# V8: what MPG?



## Richard_M (Dec 17, 2010)

My search for a MH continues...........

I am now considering an American RV. It is 1980 vintage, weights 3500kg and has a 6.5 V8 petrol auto.

The seller tells me it will return 15-20mpg on a run. 

I'm more concerned what it will return on a run around The Highlands with lots of hills to negotiate.

Does 15- 20mpg sound right? It sounds a bit optimistic to me..........

Thanks.


----------



## asprn (Feb 10, 2006)

Richard_M said:


> The seller tells me it will return 15-20mpg on a run......Does 15- 20mpg sound right? It sounds a bit optimistic to me......


:lol: Just a bit.  I get 10-11 mpg with my 6.8 V10 although it';s quite a bit heavier at 9 tonnes.

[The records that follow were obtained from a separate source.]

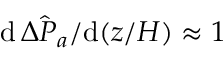<formula> <loc_0><loc_0><loc_500><loc_500>d \, \hat { \Delta P _ { a } } / d ( z / H ) \approx 1</formula> 
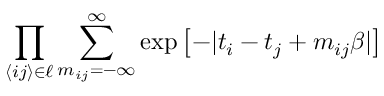<formula> <loc_0><loc_0><loc_500><loc_500>\prod _ { \langle i j \rangle \in \ell } \sum _ { m _ { i j } = - \infty } ^ { \infty } \exp \left [ - | t _ { i } - t _ { j } + m _ { i j } \beta | \right ]</formula> 
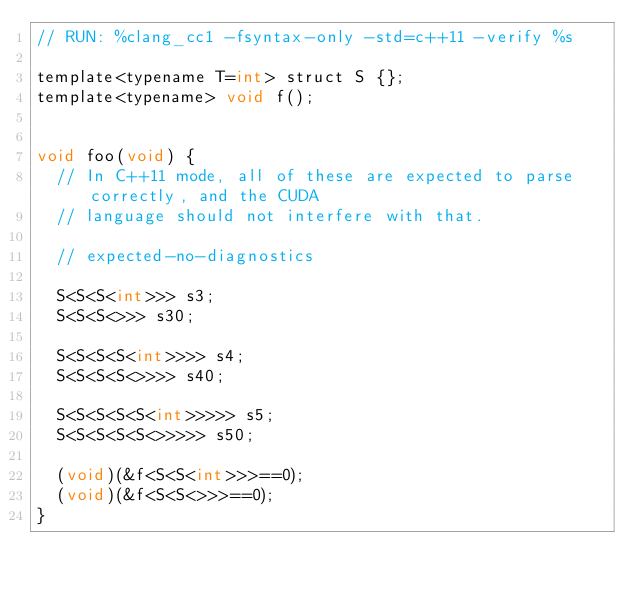<code> <loc_0><loc_0><loc_500><loc_500><_Cuda_>// RUN: %clang_cc1 -fsyntax-only -std=c++11 -verify %s

template<typename T=int> struct S {};
template<typename> void f();


void foo(void) {
  // In C++11 mode, all of these are expected to parse correctly, and the CUDA
  // language should not interfere with that.

  // expected-no-diagnostics

  S<S<S<int>>> s3;
  S<S<S<>>> s30;

  S<S<S<S<int>>>> s4;
  S<S<S<S<>>>> s40;

  S<S<S<S<S<int>>>>> s5;
  S<S<S<S<S<>>>>> s50;

  (void)(&f<S<S<int>>>==0);
  (void)(&f<S<S<>>>==0);
}
</code> 
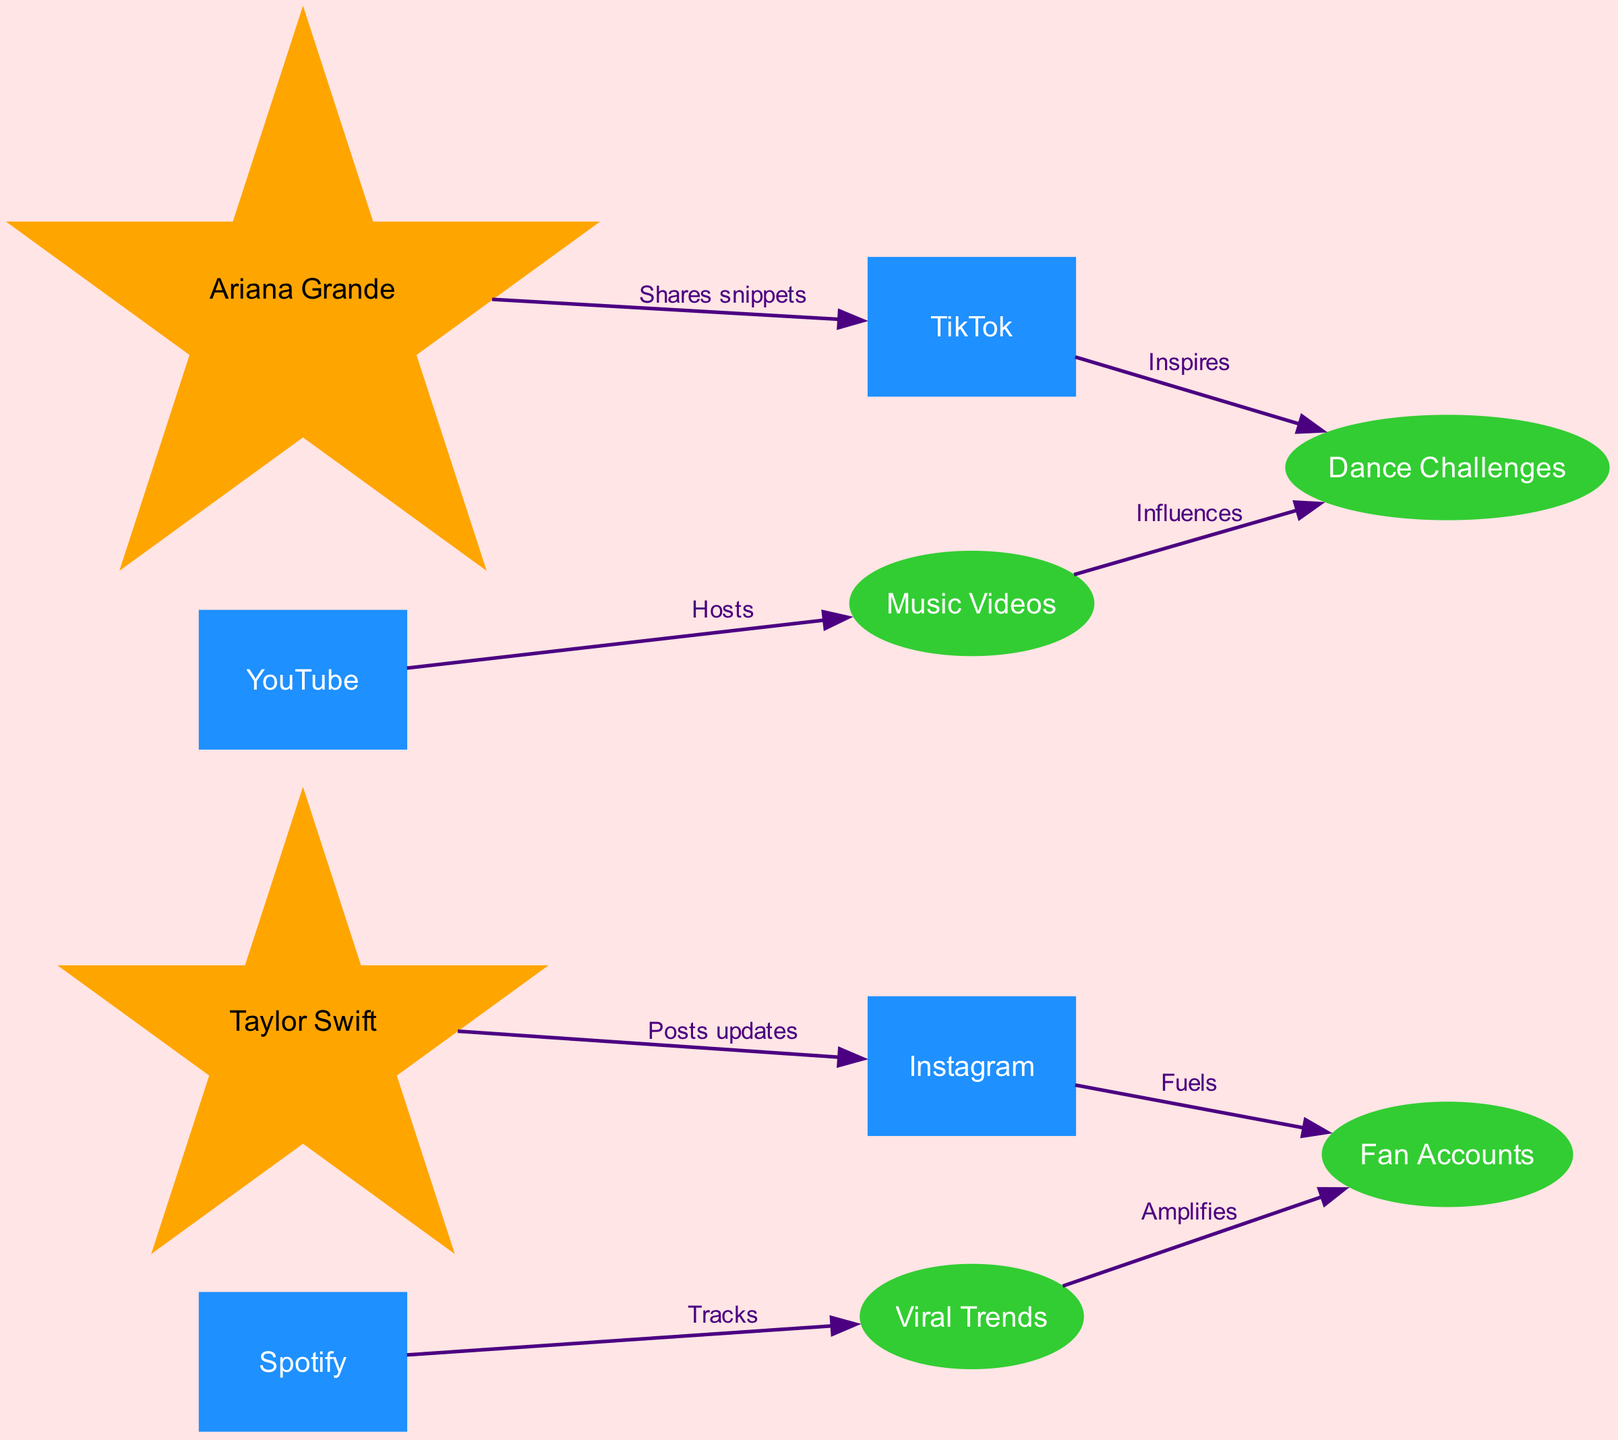What is the total number of nodes in the diagram? Counting the nodes listed in the data provided, there are a total of 9 unique nodes: Taylor Swift, Ariana Grande, TikTok, Instagram, YouTube, Spotify, Fan Accounts, Music Videos, and Dance Challenges.
Answer: 9 Which social media platform does Taylor Swift influence with her posts? The directed edge from Taylor Swift to Instagram shows that Taylor influences Instagram through her posts.
Answer: Instagram What type of content inspires Dance Challenges? The diagram indicates that TikTok inspires Dance Challenges, as shown by the directed edge from TikTok to Dance Challenges.
Answer: TikTok How many edges are present in the diagram? By examining the edges listed in the data, there are a total of 8 unique edges connecting the nodes.
Answer: 8 What does Spotify track in the influence flow? The edge from Spotify to Viral Trends indicates that Spotify tracks Viral Trends.
Answer: Viral Trends Which idol shares snippets on TikTok? The directed edge from Ariana Grande to TikTok shows that Ariana Grande shares snippets on TikTok.
Answer: Ariana Grande Which factors amplify the influence of Fan Accounts? The diagram illustrates that Viral Trends amplify Fan Accounts, as shown by the directed edge from Viral Trends to Fan Accounts.
Answer: Viral Trends What influences Dance Challenges apart from TikTok? The diagram shows that Music Videos also influence Dance Challenges, indicated by the edge from Music Videos to Dance Challenges.
Answer: Music Videos Which platform hosts Music Videos? The directed edge from YouTube to Music Videos indicates that YouTube hosts Music Videos.
Answer: YouTube 
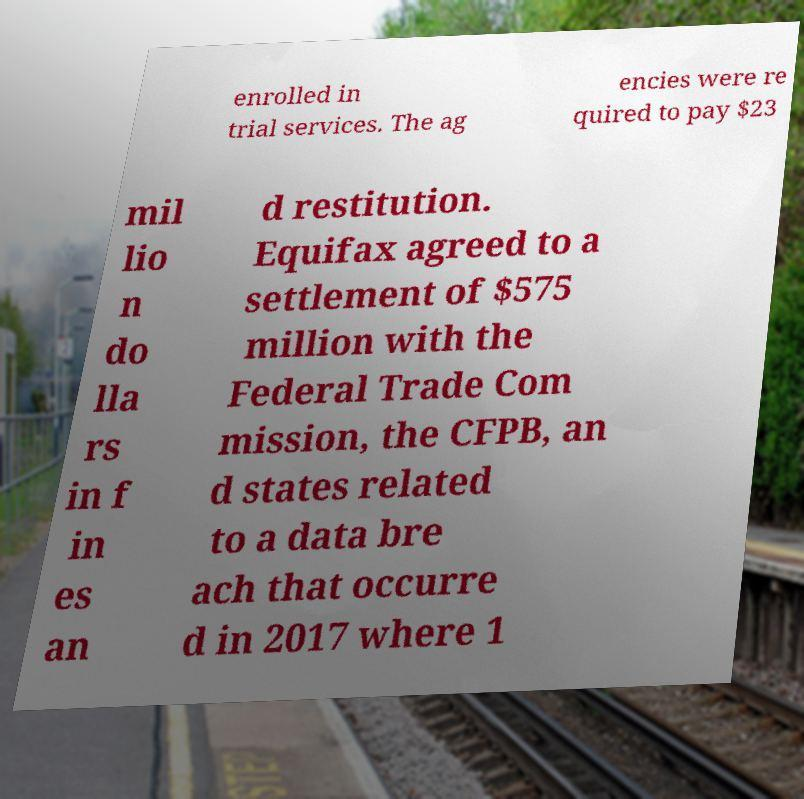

However, if you're worried about mpg, then a Yank RV is not the vehicle for you.

Dougie.


----------



## Richard_M (Dec 17, 2010)

Thanks for the reply.

No, not too concerned about the mpg, I just want to know what to expect. The one I am considering is only 3.5 tonne.


----------



## barryd (May 9, 2008)

Are you sure its an RV with a V8? 3500KG seems light for an RV.

I could be wrong but it doesnt sound right to me.


----------



## Techno100 (May 8, 2010)

R U sure it's not LPG converted?


----------



## CliveMott (Mar 10, 2008)

3500 Kg sounds like like half its weight.

10 MPG sounds average

Does your driving license allow you to drive over 3500 Kg?

C.


----------



## Zepp (May 14, 2009)

Hi Richard

I agree with clive 10 MPG sounds average 

When I thought about buying a RV , I joined a few RV American forums in the USA and the info and feed back I got was very good. Also if you have the make & model they will list the faults of this model and any know problems.


----------



## A37 (Sep 22, 2009)

Hi Richard, I did notice a good looking Winnie on ebay earlier, someone from Scotland asked the seller a question, was it you ?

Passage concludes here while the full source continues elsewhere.